Making the jump to PlayStation 2 with Japanese docs and EA corporate processes

GameProgrammerReleased7 min read
Knockout Kings 2001
GamePlaystation 2

Knockout Kings 2001

Hot on the heels of the Nintendo 64 (N64) version, Sony announced the PlayStation 2 (PS2). EA decided the PS2 would be the next platform for Knockout Kings, and the N64 version wouldn't continue. There was a long wait for the development hardware to arrive.

Just before Christmas, eight brand new PS2 development machines showed up. I eagerly opened one and began the process, thinking my experience would make this straightforward.

The Japanese Documentation Challenge

All the documents were in Japanese. Every single one, including all the example code. When doing anything new, I try to fully focus on getting something running first. After a few weeks, Knockout Kings on PS2 was up and running, but it was very rough and slow. At least we could see the game in a rough form.
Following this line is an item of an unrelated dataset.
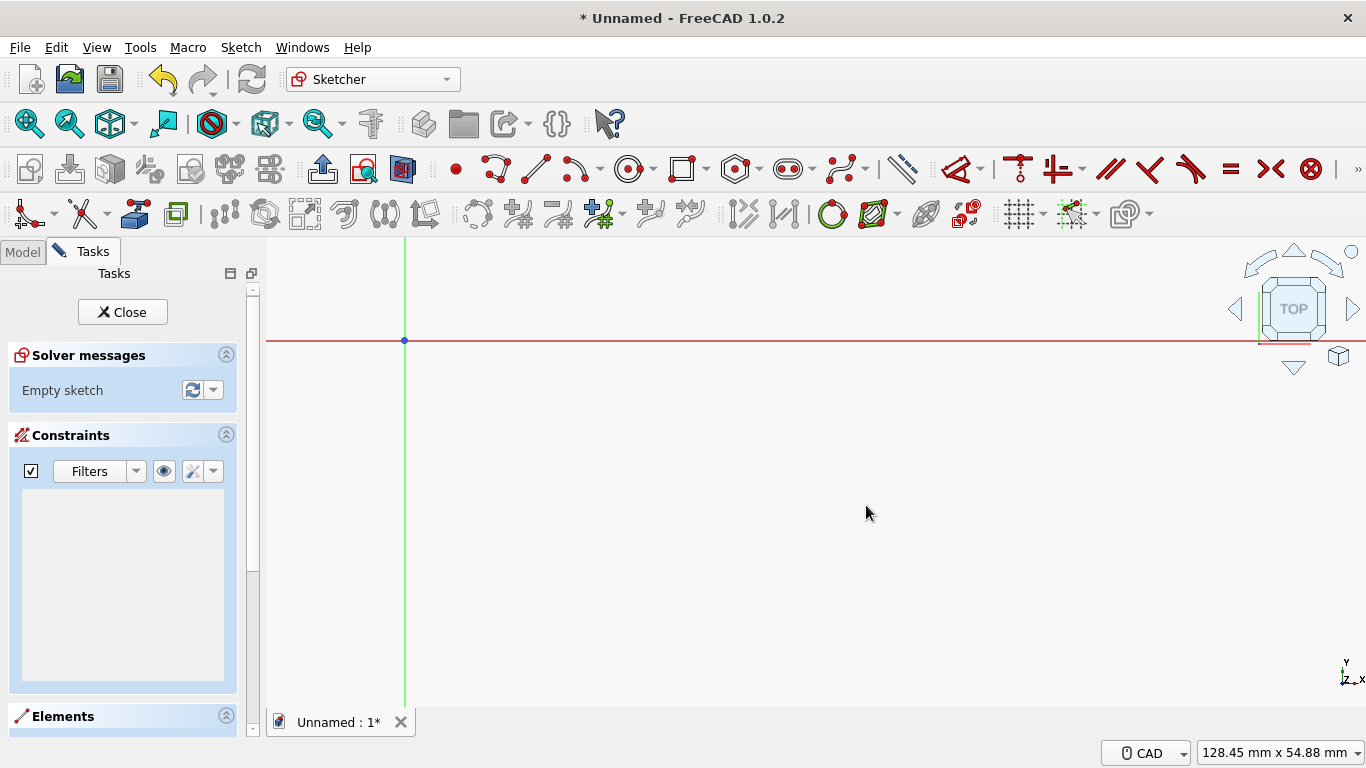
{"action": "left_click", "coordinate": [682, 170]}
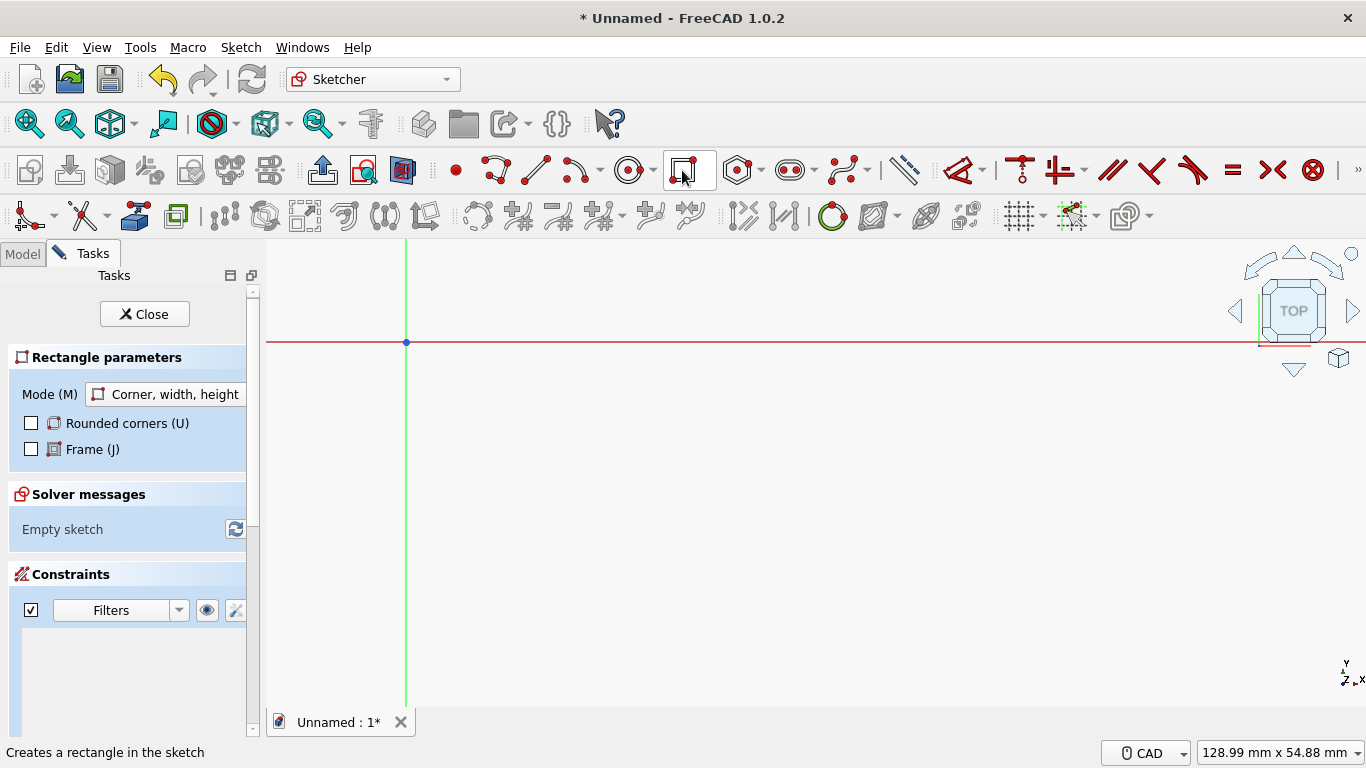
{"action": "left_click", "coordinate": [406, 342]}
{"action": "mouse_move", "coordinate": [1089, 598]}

The next eight to ten months were spent rewriting vast areas of the code to add polish and improve performance.

EA Takes Control

Everything changed at EA with a new team structure. The N64 version's success got EA's attention, and they wanted more control. Anyone in the games industry knows how this goes when power struggles start with the publisher.

What had been a very agile process became process-heavy, and everything slowed down. Lots of new technical challenges came with the PlayStation 2 version, but looking back now, it turned out well.

Technical Upgrades

Pretty much all art and animations were upgraded. Everything looked higher resolution. Play-by-play commentary was added, and a full EA branding pass was implemented. The team at BlackOps stayed the same with the addition of a project manager.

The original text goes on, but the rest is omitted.